Tuesday, January 3, 2012

All the Small Things...

I have a lot going on in my head today.  I could probably write 3 or 4 posts.  Perhaps I will.  For now I'll keep it simple.  My husband and I are are resolved to see to the little things this year.  Little things like, making the bed, keeping up with the dishes, brushing our teeth, making healthier choices.  How mundane.  Yes, Annie this is where your life is.  How necessary.  If I can't master these little things how am I supposed to move on to bigger things?  I find it very hard to tend to the mundane details of life.  I love my interior journey, and helping my kids develop.  I loath routine, it takes away from my thinking, but if I'm actually going to develop into a more "whole" person I have to get out of the comfort zone.  How am I supposed to give the boys opportunities for selfless service if I can't remember to call charities, let alone show up.  Neither of my kids have been through first communion because we do religious education at home and I can't remember to sign them up for Religious Education after Mass on Sunday.  It's not on my Radar, the homily is.

Will and I. An old collage I made.  A statement on my way of "being"


It takes way more effort and energy for me to establish a routine and see to tasks of everyday life than it seems to take other people.  I have a planner.  If I don't write an appointment down in that planner it doesn't happen.  I don't think I could survive a week in the "real" world without it.  I even have to write down things like, "go to the grocery store", "call your family", "put on deodorant", and "drink more water".  I see other mothers effortlessly keeping appointments, looking very "together", while I struggle to keep up.  In fact, I get my hair styled so that I don't have to comb it and it will still look great.  If I had longer hair the world would surely know my secret.  I have baskets and drawers in my house so that I can literally throw things in them, close them and my house will still look neat.  Note to friends, beware before opening ANYTHING up in my house, I am not responsible for any injuries that may occur.  I often wear mismatched socks.  I don't care if they match so long as they serve their purpose.  Luckily it's a fad right now.  I really try hard to look "good" when going out in public with the "guys" in my life, but if the folks we encountered followed us home they'd find a slightly different story.  Don't get me wrong I love to get dressed up and be shown off, and this is true of everyone to an extent.  I just bet they'd be surprised at what they'd find in my dresser drawers. (One day I brought the boys into our bedroom, opened drawers on either side of the dresser.  One side was neatly folded and organized; the other side looked like a few families of mice had been nesting in it for a decade or two.  I said, "Which side is Dad's?"  They both pointed to the organized side, and started laughing.)

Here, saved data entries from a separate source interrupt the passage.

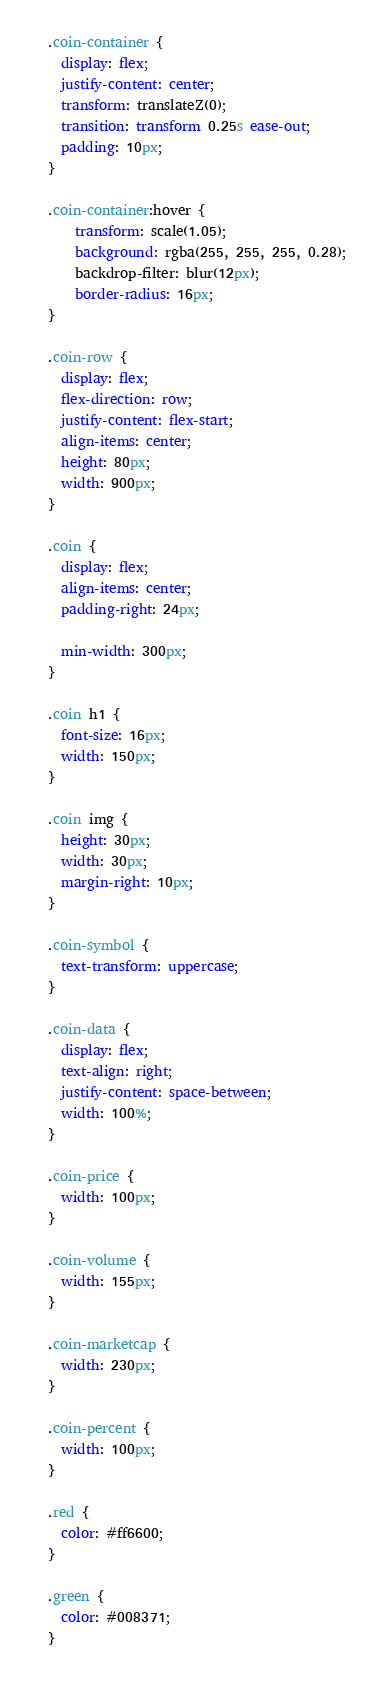Convert code to text. <code><loc_0><loc_0><loc_500><loc_500><_CSS_>  .coin-container {
    display: flex;
    justify-content: center;
    transform: translateZ(0);
    transition: transform 0.25s ease-out;
    padding: 10px;
  }

  .coin-container:hover {
      transform: scale(1.05);
      background: rgba(255, 255, 255, 0.28);
      backdrop-filter: blur(12px);
      border-radius: 16px;
  }

  .coin-row {
    display: flex;
    flex-direction: row;
    justify-content: flex-start;
    align-items: center;
    height: 80px;
    width: 900px;
  }
  
  .coin {
    display: flex;
    align-items: center;
    padding-right: 24px;
  
    min-width: 300px;
  }
  
  .coin h1 {
    font-size: 16px;
    width: 150px;
  }
  
  .coin img {
    height: 30px;
    width: 30px;
    margin-right: 10px;
  }
  
  .coin-symbol {
    text-transform: uppercase;
  }
  
  .coin-data {
    display: flex;
    text-align: right;
    justify-content: space-between;
    width: 100%;
  }
  
  .coin-price {
    width: 100px;
  }
  
  .coin-volume {
    width: 155px;
  }
  
  .coin-marketcap {
    width: 230px;
  }
  
  .coin-percent {
    width: 100px;
  }
  
  .red {
    color: #ff6600;
  }
  
  .green {
    color: #008371;
  }</code>

I'm not going to try to change who I am, fundamentally as a person.  I just want to show myself a little respect, and to be a little more "with it" for my family.  I want to practice being present in the now, instead of far away in my mind.  So this year, I am going to attempt to be a little more grounded in tending to daily tasks.  I plan only on changing those things which will make me healthier, and more "responsible".  Even if I have to make charts of charts in order to keep on it.  Good luck to me.

1 comment:

  1. The haircut thing, yeah, that's totally me. Except that I'm even worse, in that I get my hair cut short only about every six months, then I let it grow out until I can't stand it any more. I usually comb it with my fingers as long as I can get away with it, then complain about how I need a haircut for a few more months.